Tuesday 5 January 2021

And to prove it...

 

Rugby Open 2020 has now been properly locked down past the scheduled closing date. But there is some online stuff beginning to happen.

 

 

Here’s a video of the exhibition with nobody there. You will spot my print around 30 seconds in.

Update on 7th January. They've added a nice online brochure in flipbook format and a form to vote for your favorite work. Both again on the Rugby Open 2020 page. And here's a direct link to the brochure you'll find me on page 18.

Update on 12th January. RAGM are keeping the exhibition on the walls until 17th April so will open it if-and-when they get the nod from government. Fingers crossed.

Sunday 3 January 2021

Death and the Bibliophile (book plate)




I don’t think I’ve ever lent a book and got it back. The only book I remember coming back was one I had given to somebody only to have it returned after their death. It bore an inscription to me on the fly leaf, so his executors gave it back to me.

I’ve always loved book plates. I like to see them in an old book, little memorials to previous owners.

Any book that I paste one of these inside is unlikely to get lent out. But maybe when the Davies Library is dispersed, people in the future can wonder about me. And the faint-hearted can worry that I may have cursed the book, wishing upon them a visit from Uncle Death himself.

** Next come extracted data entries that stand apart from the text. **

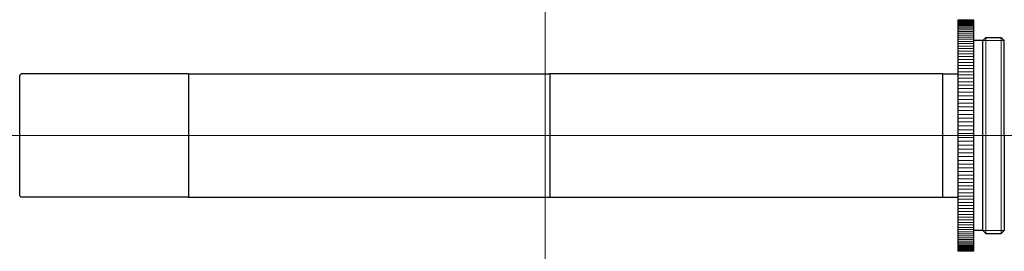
# Model space of a CAD drawing. Header units: millimetres. Extents: x -68 to 60, y 285 to 315.
import ezdxf

# ---------------------------------------------------------------- set-up
doc = ezdxf.new("R2010")
doc.units = ezdxf.units.MM
doc.header["$LTSCALE"] = 0.25
doc.layers.add('00_補助線', color=252, linetype='Continuous', lineweight=0, plot=False)
doc.layers.add('01_外形線', color=7, linetype='Continuous', lineweight=30)
doc.layers.add('06_面取線', color=7, linetype='Continuous', lineweight=9)

msp = doc.modelspace()

# ---------------------------------------------------------------- linework, layer by layer
at = {"layer": '00_補助線'}
for p, direction in [((0, 0), (0, 1)), ((0, 300), (1, 0))]:
    msp.add_xline(p, direction, dxfattribs=at)
at = {"layer": '01_外形線'}
for p, q in [((53.6, 285), (53.6, 315)), ((53.6, 315), (55.6, 315)), ((55.6, 315), (55.6, 285)), ((56.8, 312.3), (55.6, 312.3)), ((56.8, 312.3), (57.2, 312.7)), ((56.8, 287.7), (56.8, 312.3)), ((57.2, 312.7), (59.2, 312.7)), ((59.2, 312.7), (59.6, 312.3)), ((59.6, 300), (59.6, 312.3)), ((-68.2, 307.8), (-68, 308)), ((-46.3, 308), (-68, 308)), ((-46.3, 308), (-46.3, 292)), ((-46.3, 308), (0.6, 308)), ((51.62, 308), (0.6, 308)), ((0.6, 308), (0.6, 292)), ((51.62, 292), (51.62, 308)), ((51.62, 308), (53.6, 308)), ((-68.2, 292.2), (-68.2, 307.8)), ((59.6, 300), (59.6, 287.7)), ((-68.2, 292.2), (-68, 292)), ((-68, 292), (-68.2, 292.2)), ((-46.3, 292), (-68, 292)), ((-46.3, 292), (0.6, 292)), ((0.6, 292), (51.62, 292)), ((51.62, 292), (53.6, 292)), ((56.8, 287.7), (55.6, 287.7)), ((56.8, 287.7), (57.2, 287.3)), ((59.2, 287.3), (59.6, 287.7)), ((57.2, 287.3), (59.2, 287.3)), ((55.6, 285), (53.6, 285))]:
    msp.add_line(p, q, dxfattribs=at)
at = {"layer": '06_面取線'}
for p, q in [((53.6, 315), (55.6, 315)), ((53.6, 314.98), (55.6, 314.98)), ((53.6, 314.94), (55.6, 314.94)), ((53.6, 314.89), (55.6, 314.89)), ((53.6, 314.82), (55.6, 314.82)), ((53.6, 314.74), (55.6, 314.74)), ((53.6, 314.64), (55.6, 314.64)), ((53.6, 314.52), (55.6, 314.52)), ((53.6, 314.38), (55.6, 314.38)), ((53.6, 314.24), (55.6, 314.24)), ((53.6, 314.07), (55.6, 314.07)), ((53.6, 313.89), (55.6, 313.89)), ((53.6, 313.69), (55.6, 313.69)), ((53.6, 313.48), (55.6, 313.48)), ((53.6, 313.25), (55.6, 313.25)), ((53.6, 313.01), (55.6, 313.01)), ((53.6, 312.76), (55.6, 312.76)), ((53.6, 312.49), (55.6, 312.49)), ((53.6, 312.2), (55.6, 312.2)), ((53.6, 311.9), (55.6, 311.9)), ((59.6, 312.3), (56.8, 312.3)), ((57.2, 312.7), (57.2, 287.3)), ((59.2, 287.3), (59.2, 312.7)), ((53.6, 311.59), (55.6, 311.59)), ((53.6, 311.27), (55.6, 311.27)), ((53.6, 310.93), (55.6, 310.93)), ((53.6, 310.59), (55.6, 310.59)), ((53.6, 310.23), (55.6, 310.23)), ((53.6, 309.85), (55.6, 309.85)), ((53.6, 309.47), (55.6, 309.47)), ((53.6, 309.08), (55.6, 309.08)), ((53.6, 308.68), (55.6, 308.68)), ((53.6, 308.26), (55.6, 308.26)), ((53.6, 307.84), (55.6, 307.84)), ((53.6, 307.41), (55.6, 307.41)), ((53.6, 306.97), (55.6, 306.97)), ((53.6, 306.52), (55.6, 306.52)), ((53.6, 306.07), (55.6, 306.07)), ((53.6, 305.61), (55.6, 305.61)), ((53.6, 305.14), (55.6, 305.14)), ((53.6, 304.67), (55.6, 304.67)), ((53.6, 304.19), (55.6, 304.19)), ((53.6, 303.71), (55.6, 303.71)), ((53.6, 303.22), (55.6, 303.22)), ((53.6, 302.73), (55.6, 302.73)), ((53.6, 302.24), (55.6, 302.24)), ((53.6, 301.75), (55.6, 301.75)), ((53.6, 301.25), (55.6, 301.25)), ((53.6, 300.75), (55.6, 300.75)), ((53.6, 300.25), (55.6, 300.25)), ((53.6, 299.75), (55.6, 299.75)), ((53.6, 299.25), (55.6, 299.25)), ((53.6, 298.75), (55.6, 298.75)), ((53.6, 298.25), (55.6, 298.25)), ((53.6, 297.76), (55.6, 297.76)), ((53.6, 297.27), (55.6, 297.27)), ((53.6, 296.78), (55.6, 296.78)), ((53.6, 296.29), (55.6, 296.29)), ((53.6, 295.81), (55.6, 295.81)), ((53.6, 295.33), (55.6, 295.33)), ((53.6, 294.86), (55.6, 294.86)), ((53.6, 294.39), (55.6, 294.39)), ((53.6, 293.93), (55.6, 293.93)), ((53.6, 293.48), (55.6, 293.48)), ((53.6, 293.03), (55.6, 293.03)), ((53.6, 292.59), (55.6, 292.59)), ((53.6, 292.16), (55.6, 292.16)), ((53.6, 291.74), (55.6, 291.74)), ((53.6, 291.32), (55.6, 291.32)), ((53.6, 290.92), (55.6, 290.92)), ((53.6, 290.53), (55.6, 290.53)), ((53.6, 290.15), (55.6, 290.15)), ((53.6, 289.77), (55.6, 289.77)), ((53.6, 289.41), (55.6, 289.41)), ((53.6, 289.07), (55.6, 289.07)), ((53.6, 288.73), (55.6, 288.73)), ((53.6, 288.41), (55.6, 288.41)), ((53.6, 288.1), (55.6, 288.1)), ((53.6, 287.8), (55.6, 287.8)), ((59.6, 287.7), (56.8, 287.7)), ((53.6, 287.51), (55.6, 287.51)), ((53.6, 287.24), (55.6, 287.24)), ((53.6, 286.99), (55.6, 286.99)), ((53.6, 286.75), (55.6, 286.75)), ((53.6, 286.52), (55.6, 286.52)), ((53.6, 286.31), (55.6, 286.31)), ((53.6, 286.11), (55.6, 286.11)), ((53.6, 285.93), (55.6, 285.93)), ((53.6, 285.76), (55.6, 285.76)), ((53.6, 285.62), (55.6, 285.62)), ((53.6, 285.48), (55.6, 285.48)), ((53.6, 285.36), (55.6, 285.36)), ((53.6, 285.26), (55.6, 285.26)), ((53.6, 285.18), (55.6, 285.18)), ((53.6, 285.11), (55.6, 285.11)), ((53.6, 285.06), (55.6, 285.06)), ((53.6, 285.02), (55.6, 285.02)), ((53.6, 285), (55.6, 285))]:
    msp.add_line(p, q, dxfattribs=at)

doc.saveas('drawing.dxf')

I’ve been thinking about this image for about the last month. It started out with her facing forward and fainting away at Death’s touch. The composition was much more four-square and had something of a Jugendstil Death and the Maiden about it. I’ve come back to the idea off-and-on over the month and it has developed in a more expressionistic direction. Yesterday I felt I’d got the drawing of the reader right, flinching yet unwilling to be torn from the book. I’ve been drawing some of the Deaths from Holbein’s Dance of Death, and that’s where his vibe has come from. I like that he seems quite importunate, and maybe a bit lizardy.